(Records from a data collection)
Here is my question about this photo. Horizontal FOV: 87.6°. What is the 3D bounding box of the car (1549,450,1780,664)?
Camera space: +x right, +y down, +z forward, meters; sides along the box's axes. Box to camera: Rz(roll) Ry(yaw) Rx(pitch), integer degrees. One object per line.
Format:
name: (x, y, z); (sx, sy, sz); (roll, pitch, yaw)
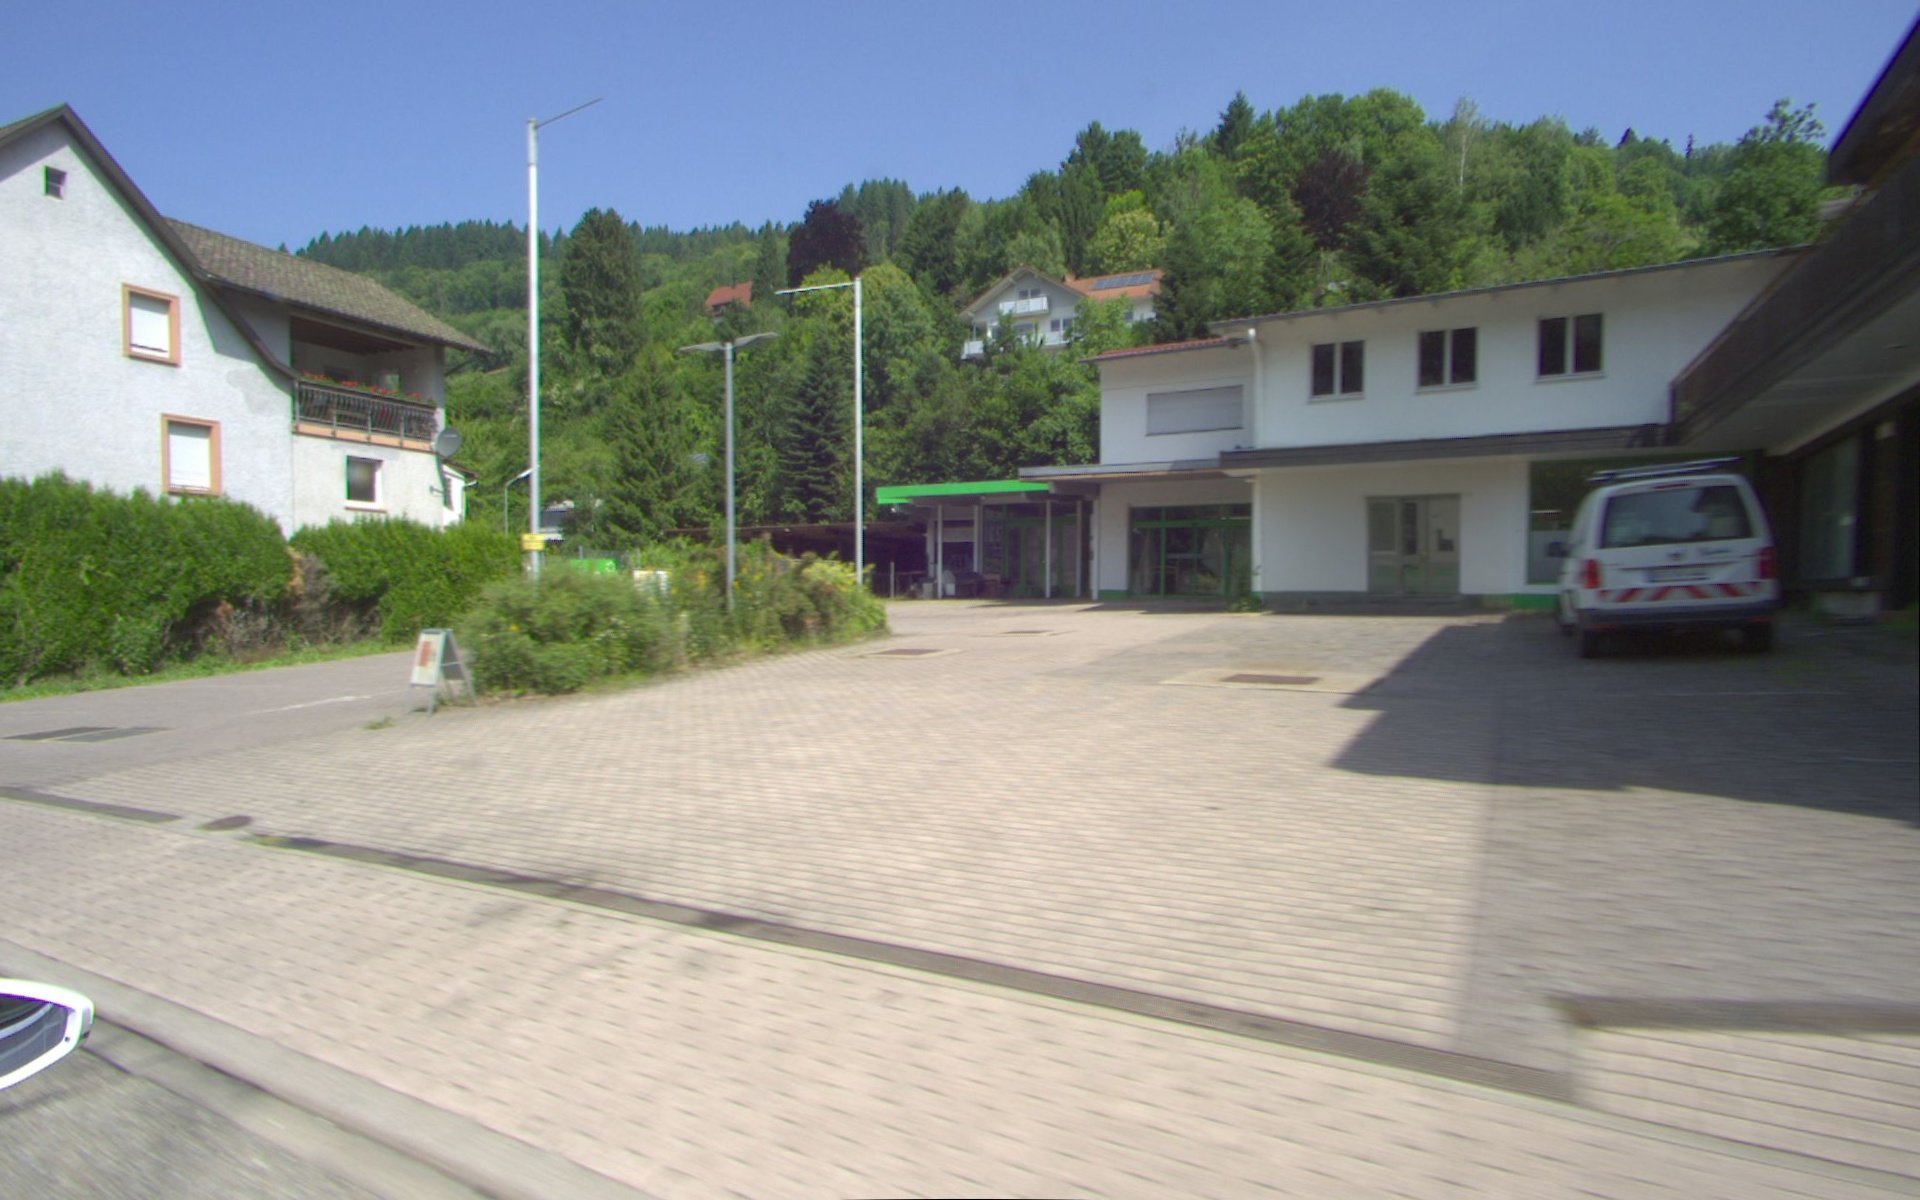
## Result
car: (7.968, -0.550, 11.665); (1.611, 2.012, 3.999); (-2, 4, 27)
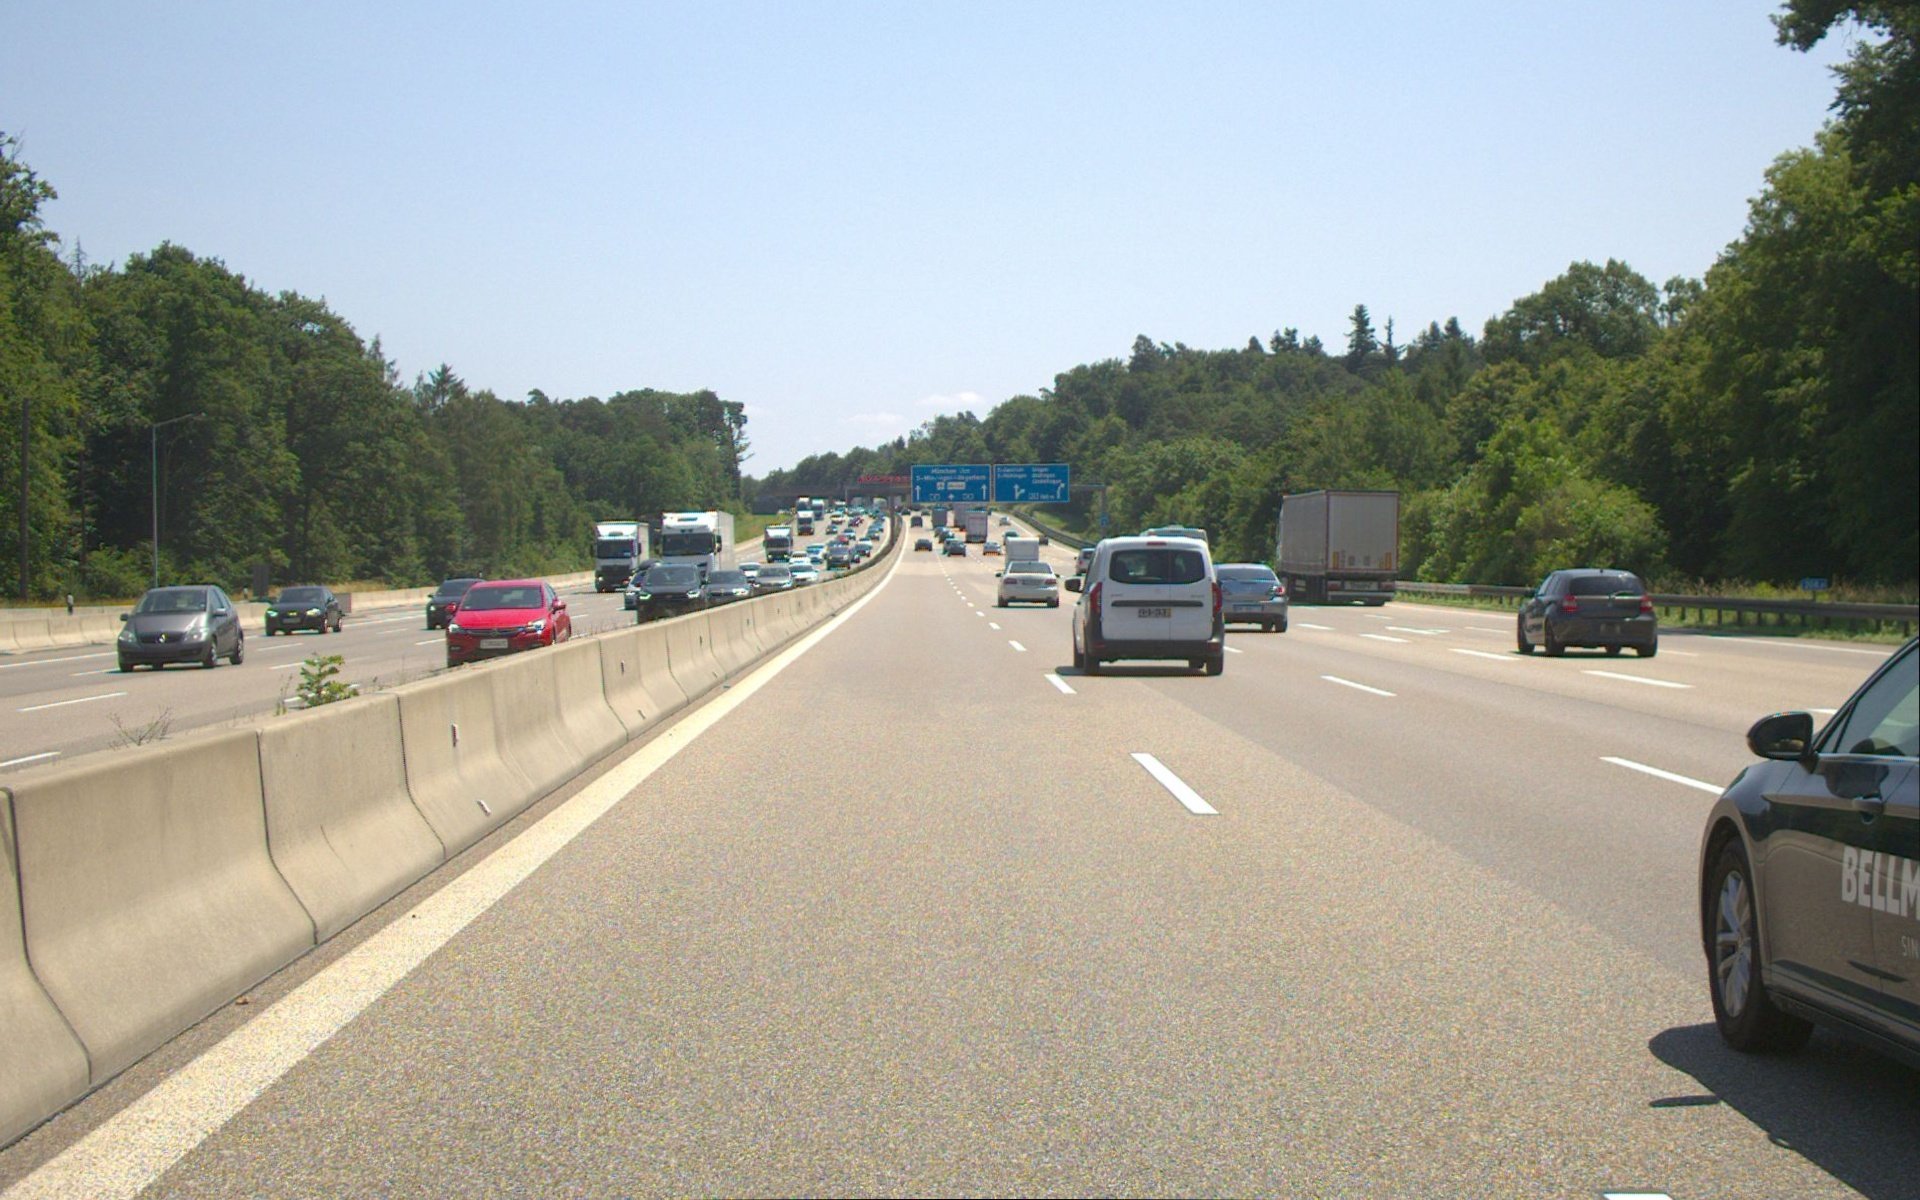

__What the task requires__:
Determine the number of lines in the preceding data that contain the word "pitch". Reply with that number only.

__Written solution__:
2